Among its public projects is the Savill Building at Windsor Great Park, shortlisted for the 2007 RIBA Stirling Prize. The competition winning scheme run by The Crown Estate, was intended to create a gateway to the listed gardens reflecting the character and quality of the park. The building grouped all visitor facilities under a grid shell roof creating a series of linked spaces. The roof is constructed from larch and clad with green oak from sustainable sources from the Windsor Estate. It is supported by an earth structure on the entrance side which houses ancillary facilities, while the garden side is elevated on legs to take advantage of the views. It opened to the public in June 2006.

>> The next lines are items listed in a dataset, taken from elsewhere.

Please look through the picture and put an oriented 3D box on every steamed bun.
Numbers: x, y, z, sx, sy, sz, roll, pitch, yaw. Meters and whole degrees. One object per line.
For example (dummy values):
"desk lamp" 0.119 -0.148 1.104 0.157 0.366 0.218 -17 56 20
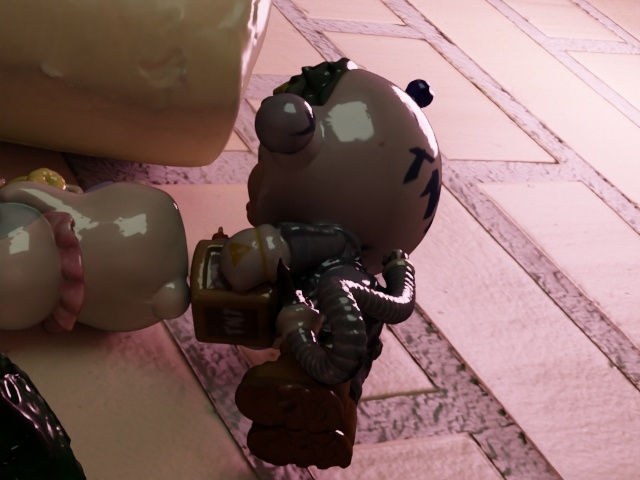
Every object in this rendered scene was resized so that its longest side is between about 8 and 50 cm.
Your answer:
"steamed bun" -0.247 -0.291 1.344 0.371 0.290 0.456 9 65 -23

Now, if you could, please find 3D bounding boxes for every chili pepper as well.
"chili pepper" -0.215 0.132 0.791 0.116 0.264 0.148 -38 88 -13

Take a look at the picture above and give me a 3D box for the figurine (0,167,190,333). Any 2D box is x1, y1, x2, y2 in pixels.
"figurine" -0.235 0.010 1.053 0.235 0.127 0.155 -2 54 -28

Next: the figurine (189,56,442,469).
"figurine" -0.002 0.002 1.095 0.186 0.261 0.382 12 51 3
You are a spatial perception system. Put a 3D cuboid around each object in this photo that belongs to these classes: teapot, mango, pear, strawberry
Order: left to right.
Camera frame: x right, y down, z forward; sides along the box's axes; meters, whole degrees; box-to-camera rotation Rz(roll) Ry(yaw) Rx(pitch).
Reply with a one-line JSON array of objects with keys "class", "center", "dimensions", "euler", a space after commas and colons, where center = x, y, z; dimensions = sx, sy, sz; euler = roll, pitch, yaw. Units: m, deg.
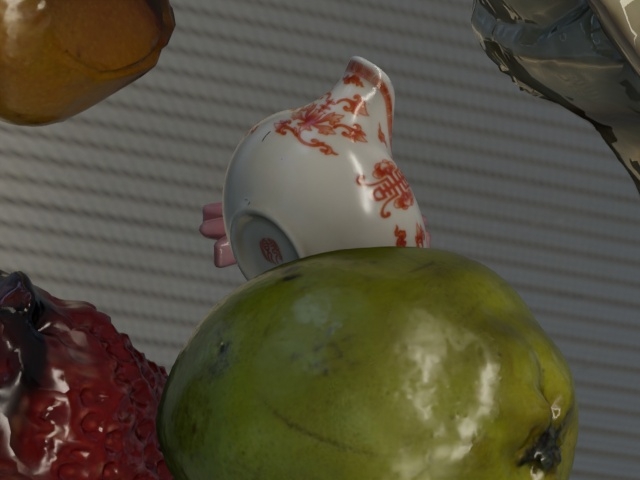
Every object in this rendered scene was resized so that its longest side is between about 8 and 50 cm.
[{"class": "mango", "center": [-0.219, -0.183, 1.164], "dimensions": [0.136, 0.166, 0.236], "euler": [-47, 129, -38]}, {"class": "strawberry", "center": [-0.245, 0.192, 1.531], "dimensions": [0.310, 0.292, 0.291], "euler": [44, 63, -26]}, {"class": "teapot", "center": [0.000, 0.000, 1.214], "dimensions": [0.159, 0.245, 0.116], "euler": [26, 48, 19]}, {"class": "pear", "center": [0.023, 0.105, 1.055], "dimensions": [0.212, 0.269, 0.212], "euler": [-1, 91, -54]}]

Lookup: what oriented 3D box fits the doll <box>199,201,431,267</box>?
[{"class": "doll", "center": [-0.006, -0.015, 1.645], "dimensions": [0.211, 0.262, 0.093], "euler": [1, 108, -5]}]

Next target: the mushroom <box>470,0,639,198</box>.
[{"class": "mushroom", "center": [0.112, -0.122, 0.501], "dimensions": [0.189, 0.253, 0.195], "euler": [-38, 113, 6]}]
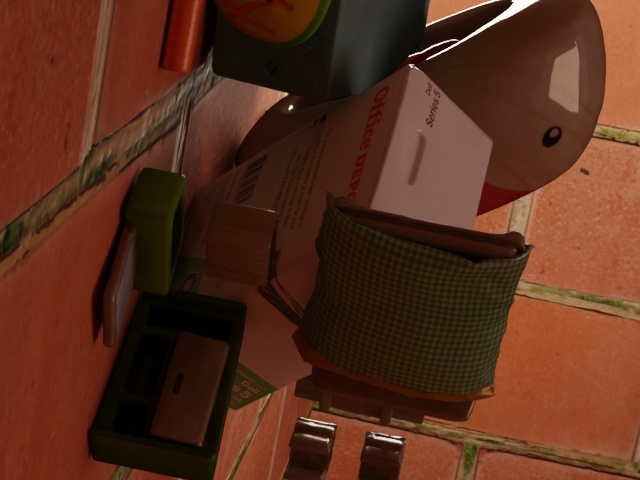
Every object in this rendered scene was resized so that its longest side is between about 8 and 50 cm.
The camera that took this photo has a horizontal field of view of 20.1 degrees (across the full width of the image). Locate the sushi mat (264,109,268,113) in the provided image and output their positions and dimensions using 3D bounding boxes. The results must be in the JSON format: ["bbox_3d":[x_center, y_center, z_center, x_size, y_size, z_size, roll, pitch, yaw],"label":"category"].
[{"bbox_3d":[-0.054,-0.081,2.130,0.316,0.019,0.151,-30,131,-83],"label":"sushi mat"}]

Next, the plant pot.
[{"bbox_3d":[-0.005,-0.221,1.584,0.234,0.166,0.165,-57,160,-57],"label":"plant pot"}]

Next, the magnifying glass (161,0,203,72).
[{"bbox_3d":[-0.089,-0.239,1.337,0.092,0.026,0.231,-57,157,-78],"label":"magnifying glass"}]

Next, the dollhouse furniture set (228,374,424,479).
[{"bbox_3d":[-0.001,0.125,1.906,0.161,0.242,0.212,-66,167,-69],"label":"dollhouse furniture set"}]

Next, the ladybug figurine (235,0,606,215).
[{"bbox_3d":[0.101,-0.107,1.765,0.305,0.449,0.162,-38,105,-37],"label":"ladybug figurine"}]

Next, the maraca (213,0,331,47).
[{"bbox_3d":[-0.038,-0.239,1.397,0.099,0.127,0.185,-29,130,-47],"label":"maraca"}]

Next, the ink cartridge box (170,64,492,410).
[{"bbox_3d":[0.000,0.000,1.536,0.273,0.115,0.198,-28,-147,39],"label":"ink cartridge box"}]

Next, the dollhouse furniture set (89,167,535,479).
[{"bbox_3d":[-0.009,0.082,1.361,0.197,0.302,0.151,98,4,-49],"label":"dollhouse furniture set"}]
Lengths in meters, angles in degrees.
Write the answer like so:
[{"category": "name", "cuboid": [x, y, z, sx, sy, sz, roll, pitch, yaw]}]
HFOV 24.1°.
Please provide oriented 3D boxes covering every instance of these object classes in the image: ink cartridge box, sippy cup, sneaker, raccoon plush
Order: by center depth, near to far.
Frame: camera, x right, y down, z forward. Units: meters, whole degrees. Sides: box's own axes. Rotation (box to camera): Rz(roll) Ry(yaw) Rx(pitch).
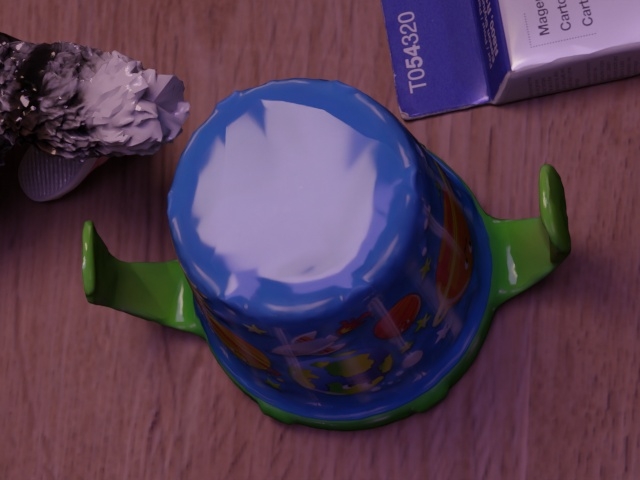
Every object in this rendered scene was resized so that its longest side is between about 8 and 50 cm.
[{"category": "sippy cup", "cuboid": [0.000, 0.000, 1.044, 0.305, 0.224, 0.240, -40, 69, -2]}, {"category": "raccoon plush", "cuboid": [-0.338, -0.029, 1.077, 0.446, 0.216, 0.299, 12, 78, 44]}, {"category": "ink cartridge box", "cuboid": [0.195, -0.280, 1.177, 0.330, 0.071, 0.324, -11, 71, 6]}, {"category": "sneaker", "cuboid": [-0.180, -0.078, 1.203, 0.134, 0.070, 0.051, -40, 76, 28]}]
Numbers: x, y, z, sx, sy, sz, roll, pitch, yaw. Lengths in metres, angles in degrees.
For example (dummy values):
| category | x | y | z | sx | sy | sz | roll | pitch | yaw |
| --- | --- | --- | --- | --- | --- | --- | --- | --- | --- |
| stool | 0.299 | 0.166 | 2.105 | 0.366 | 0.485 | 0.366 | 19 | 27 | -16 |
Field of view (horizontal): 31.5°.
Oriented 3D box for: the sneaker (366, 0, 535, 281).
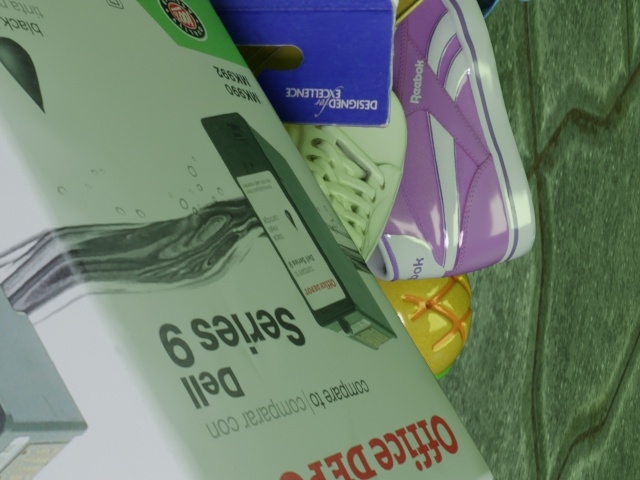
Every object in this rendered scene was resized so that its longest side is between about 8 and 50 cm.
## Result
| category | x | y | z | sx | sy | sz | roll | pitch | yaw |
| --- | --- | --- | --- | --- | --- | --- | --- | --- | --- |
| sneaker | 0.048 | -0.106 | 0.860 | 0.102 | 0.161 | 0.282 | 127 | -52 | -67 |

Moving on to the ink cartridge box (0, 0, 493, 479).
| category | x | y | z | sx | sy | sz | roll | pitch | yaw |
| --- | --- | --- | --- | --- | --- | --- | --- | --- | --- |
| ink cartridge box | -0.079 | 0.017 | 0.447 | 0.289 | 0.121 | 0.211 | 59 | 23 | 13 |

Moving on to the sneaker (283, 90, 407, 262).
| category | x | y | z | sx | sy | sz | roll | pitch | yaw |
| --- | --- | --- | --- | --- | --- | --- | --- | --- | --- |
| sneaker | 0.000 | 0.000 | 0.705 | 0.106 | 0.123 | 0.290 | 40 | 60 | -19 |

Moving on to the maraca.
| category | x | y | z | sx | sy | sz | roll | pitch | yaw |
| --- | --- | --- | --- | --- | --- | --- | --- | --- | --- |
| maraca | 0.064 | 0.025 | 0.924 | 0.127 | 0.099 | 0.185 | 5 | 66 | -56 |

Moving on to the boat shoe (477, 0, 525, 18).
| category | x | y | z | sx | sy | sz | roll | pitch | yaw |
| --- | --- | --- | --- | --- | --- | --- | --- | --- | --- |
| boat shoe | 0.170 | -0.286 | 1.074 | 0.258 | 0.089 | 0.109 | -60 | 144 | -39 |

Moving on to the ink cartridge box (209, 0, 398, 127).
| category | x | y | z | sx | sy | sz | roll | pitch | yaw |
| --- | --- | --- | --- | --- | --- | --- | --- | --- | --- |
| ink cartridge box | -0.042 | -0.246 | 0.571 | 0.069 | 0.176 | 0.371 | -9 | 103 | -62 |

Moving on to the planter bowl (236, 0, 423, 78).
| category | x | y | z | sx | sy | sz | roll | pitch | yaw |
| --- | --- | --- | --- | --- | --- | --- | --- | --- | --- |
| planter bowl | -0.005 | -0.153 | 0.706 | 0.090 | 0.217 | 0.217 | 49 | 41 | -8 |
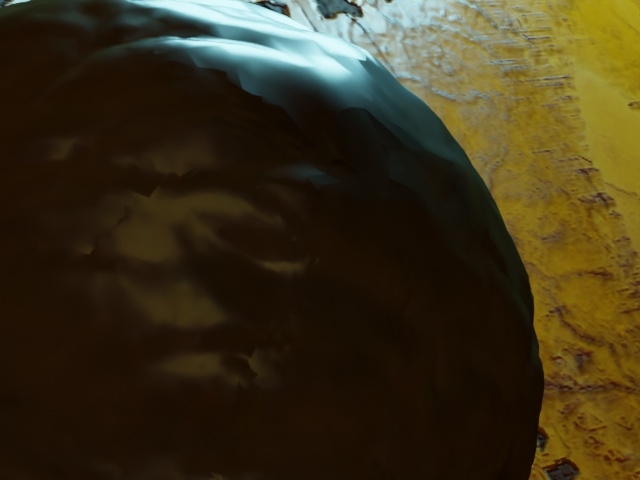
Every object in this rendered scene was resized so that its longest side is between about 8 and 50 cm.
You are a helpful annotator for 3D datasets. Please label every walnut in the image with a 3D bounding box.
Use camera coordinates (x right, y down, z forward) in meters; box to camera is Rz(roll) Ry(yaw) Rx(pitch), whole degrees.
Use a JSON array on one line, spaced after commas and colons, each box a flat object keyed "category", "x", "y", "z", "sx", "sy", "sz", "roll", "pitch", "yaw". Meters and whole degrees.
[{"category": "walnut", "x": -0.060, "y": 0.065, "z": 0.570, "sx": 0.332, "sy": 0.333, "sz": 0.333, "roll": 18, "pitch": 46, "yaw": -19}]
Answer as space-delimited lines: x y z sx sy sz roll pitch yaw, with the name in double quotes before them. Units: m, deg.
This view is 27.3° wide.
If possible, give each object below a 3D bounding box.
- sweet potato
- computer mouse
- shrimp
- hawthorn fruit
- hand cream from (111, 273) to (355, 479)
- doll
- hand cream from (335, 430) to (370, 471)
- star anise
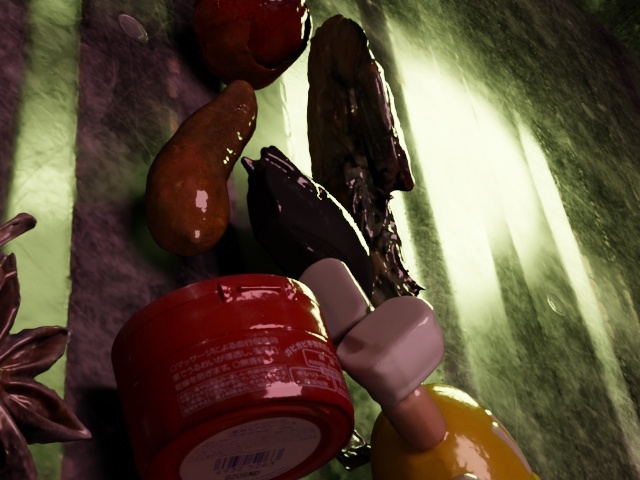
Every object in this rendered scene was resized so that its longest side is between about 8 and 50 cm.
"sweet potato" -0.128 -0.082 1.391 0.097 0.097 0.292 39 33 -20
"computer mouse" 0.000 0.000 1.417 0.264 0.088 0.147 53 19 -33
"shrimp" 0.061 -0.069 1.532 0.085 0.272 0.445 -8 63 -15
"hawthorn fruit" -0.076 -0.269 1.636 0.148 0.172 0.148 62 9 -16
"hand cream" -0.073 0.128 1.105 0.193 0.193 0.125 20 41 -44
"doll" 0.107 0.204 1.267 0.348 0.161 0.423 62 1 39
"hand cream" 0.004 0.161 1.355 0.062 0.039 0.163 -3 62 -59
"star anise" -0.265 0.091 0.988 0.230 0.081 0.262 29 44 -33
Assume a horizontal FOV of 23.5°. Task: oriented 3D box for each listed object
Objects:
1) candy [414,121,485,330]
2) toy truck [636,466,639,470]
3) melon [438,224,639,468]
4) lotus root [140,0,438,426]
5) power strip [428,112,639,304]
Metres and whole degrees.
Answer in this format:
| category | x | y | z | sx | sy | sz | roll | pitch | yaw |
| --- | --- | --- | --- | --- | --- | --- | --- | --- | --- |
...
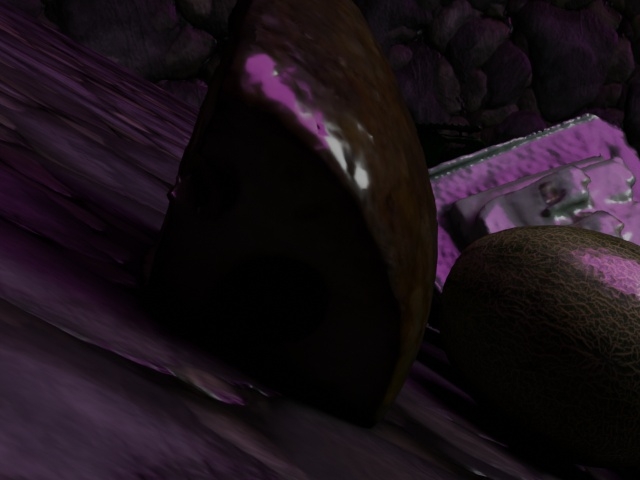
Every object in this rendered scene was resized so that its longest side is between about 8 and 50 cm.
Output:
| category | x | y | z | sx | sy | sz | roll | pitch | yaw |
| --- | --- | --- | --- | --- | --- | --- | --- | --- | --- |
| candy | 0.098 | 0.003 | 1.212 | 0.078 | 0.203 | 0.141 | -23 | 18 | -36 |
| toy truck | 0.287 | 0.137 | 1.066 | 0.155 | 0.124 | 0.268 | 24 | 7 | -11 |
| melon | 0.162 | 0.066 | 0.929 | 0.192 | 0.139 | 0.139 | 27 | 3 | 13 |
| lotus root | -0.005 | -0.032 | 0.788 | 0.142 | 0.210 | 0.314 | 18 | 19 | -7 |
| power strip | 0.172 | -0.003 | 1.065 | 0.198 | 0.213 | 0.064 | 57 | -24 | 29 |
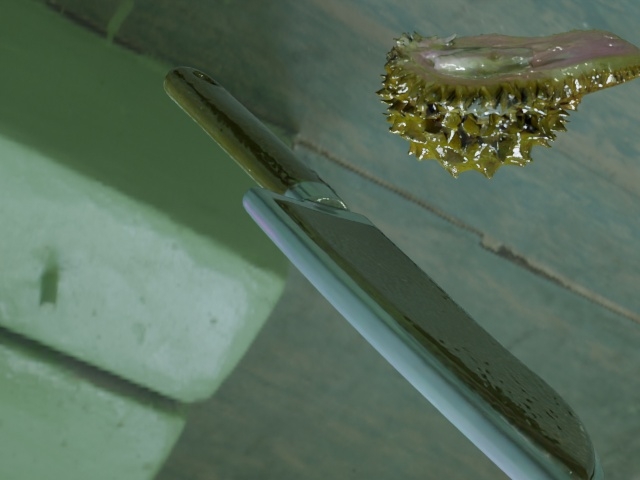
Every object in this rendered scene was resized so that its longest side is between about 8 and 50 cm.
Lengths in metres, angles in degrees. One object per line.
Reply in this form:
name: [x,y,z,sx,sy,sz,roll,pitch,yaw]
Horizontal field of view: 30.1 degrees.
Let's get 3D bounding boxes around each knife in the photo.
knife: [-0.001,0.000,0.443,0.061,0.343,0.027,17,108,-37]

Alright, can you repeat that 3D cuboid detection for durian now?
durian: [0.157,-0.110,0.942,0.224,0.078,0.140,-12,119,13]
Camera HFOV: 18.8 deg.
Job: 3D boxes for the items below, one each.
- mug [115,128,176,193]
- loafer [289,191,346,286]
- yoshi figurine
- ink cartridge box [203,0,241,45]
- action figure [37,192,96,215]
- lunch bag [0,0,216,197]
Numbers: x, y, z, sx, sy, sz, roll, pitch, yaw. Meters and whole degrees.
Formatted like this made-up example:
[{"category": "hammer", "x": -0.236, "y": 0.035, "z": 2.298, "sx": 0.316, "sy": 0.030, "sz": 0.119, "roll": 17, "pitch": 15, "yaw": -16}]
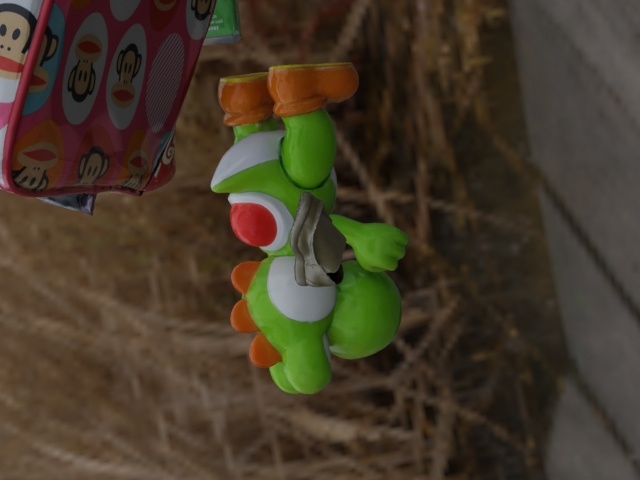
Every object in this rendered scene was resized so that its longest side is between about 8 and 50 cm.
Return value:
[{"category": "mug", "x": -0.224, "y": -0.157, "z": 2.115, "sx": 0.150, "sy": 0.113, "sz": 0.169, "roll": 23, "pitch": 129, "yaw": 17}, {"category": "loafer", "x": 0.000, "y": 0.000, "z": 1.910, "sx": 0.148, "sy": 0.050, "sz": 0.056, "roll": 84, "pitch": -163, "yaw": -63}, {"category": "yoshi figurine", "x": 0.000, "y": -0.014, "z": 2.150, "sx": 0.203, "sy": 0.203, "sz": 0.362, "roll": -16, "pitch": -79, "yaw": -81}, {"category": "ink cartridge box", "x": -0.155, "y": -0.278, "z": 1.735, "sx": 0.087, "sy": 0.153, "sz": 0.208, "roll": -96, "pitch": 1, "yaw": -89}, {"category": "action figure", "x": -0.400, "y": -0.106, "z": 2.274, "sx": 0.099, "sy": 0.285, "sz": 0.185, "roll": -105, "pitch": 25, "yaw": -80}, {"category": "lunch bag", "x": -0.146, "y": -0.158, "z": 1.156, "sx": 0.293, "sy": 0.120, "sz": 0.258, "roll": 1, "pitch": -74, "yaw": -77}]
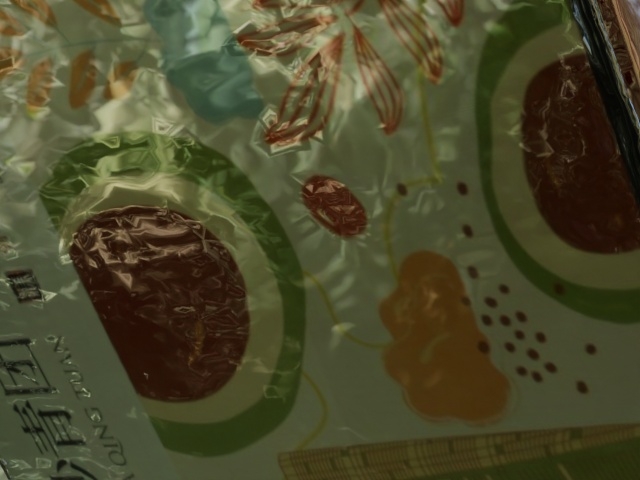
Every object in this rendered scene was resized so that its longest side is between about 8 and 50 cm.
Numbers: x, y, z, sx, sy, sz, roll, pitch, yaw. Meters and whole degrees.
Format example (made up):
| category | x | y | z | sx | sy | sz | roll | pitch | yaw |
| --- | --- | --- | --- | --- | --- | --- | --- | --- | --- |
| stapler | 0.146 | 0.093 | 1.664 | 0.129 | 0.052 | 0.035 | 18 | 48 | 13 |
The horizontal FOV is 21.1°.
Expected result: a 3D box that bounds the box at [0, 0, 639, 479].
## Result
| category | x | y | z | sx | sy | sz | roll | pitch | yaw |
| --- | --- | --- | --- | --- | --- | --- | --- | --- | --- |
| box | 0.000 | 0.000 | 0.744 | 0.385 | 0.122 | 0.344 | -6 | -61 | 34 |
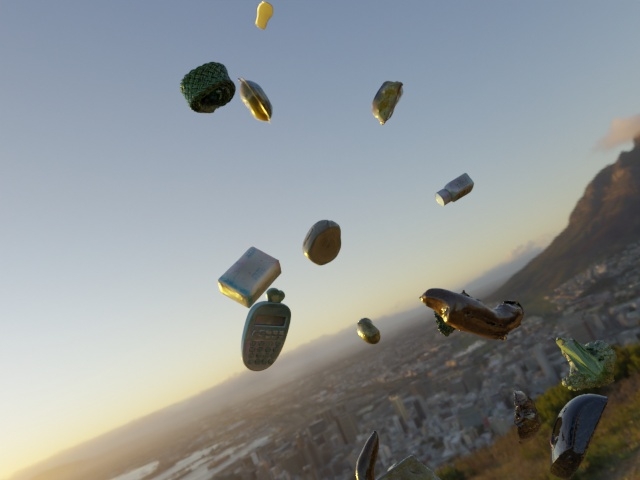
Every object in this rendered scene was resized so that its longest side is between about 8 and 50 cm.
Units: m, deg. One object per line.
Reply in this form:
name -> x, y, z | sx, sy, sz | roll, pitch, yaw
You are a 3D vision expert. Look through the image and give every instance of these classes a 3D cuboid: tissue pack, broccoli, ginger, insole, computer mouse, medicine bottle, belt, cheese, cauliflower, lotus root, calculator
tissue pack -> -0.345, 0.177, 2.537 | 0.271, 0.201, 0.124 | -48, -23, -34
broccoli -> 0.685, 0.406, 2.518 | 0.177, 0.198, 0.275 | -56, 31, -10
ginger -> 0.442, 0.206, 1.461 | 0.309, 0.133, 0.107 | 13, -38, -20
insole -> -0.161, -0.641, 1.477 | 0.002, 0.045, 0.135 | -64, 11, -14
computer mouse -> 0.727, 0.541, 1.485 | 0.269, 0.100, 0.170 | -41, -38, -35
medicine bottle -> 0.442, -0.164, 1.709 | 0.118, 0.055, 0.074 | -30, -19, -6
belt -> -0.265, -0.361, 1.209 | 0.121, 0.079, 0.151 | -30, -5, 5
cheese -> -0.226, -0.477, 1.730 | 0.069, 0.270, 0.177 | -35, -52, -3
cauliflower -> 1.140, 0.515, 2.268 | 0.239, 0.315, 0.256 | -34, -14, -40
lotus root -> 0.693, 0.588, 1.708 | 0.078, 0.167, 0.329 | -2, -19, 26
calculator -> -0.186, 0.303, 1.768 | 0.184, 0.295, 0.042 | 12, 3, -43

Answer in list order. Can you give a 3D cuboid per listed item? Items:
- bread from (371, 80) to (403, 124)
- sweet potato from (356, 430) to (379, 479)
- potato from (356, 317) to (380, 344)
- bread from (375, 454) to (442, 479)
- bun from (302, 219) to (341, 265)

Another key public project is the acclaimed English National Ballet at the Mulryan Centre for Dance, winner of the RIBA London Building of the Year 2021 and the Architects' Journal AJ100 Building of the Year 2020. This public-facing, purpose-built facility opens up to a civic square and invites the passers-by in through a ground-floor exhibition and café, which in turn opens up to an atrium that connects to all the levels with a feature stair.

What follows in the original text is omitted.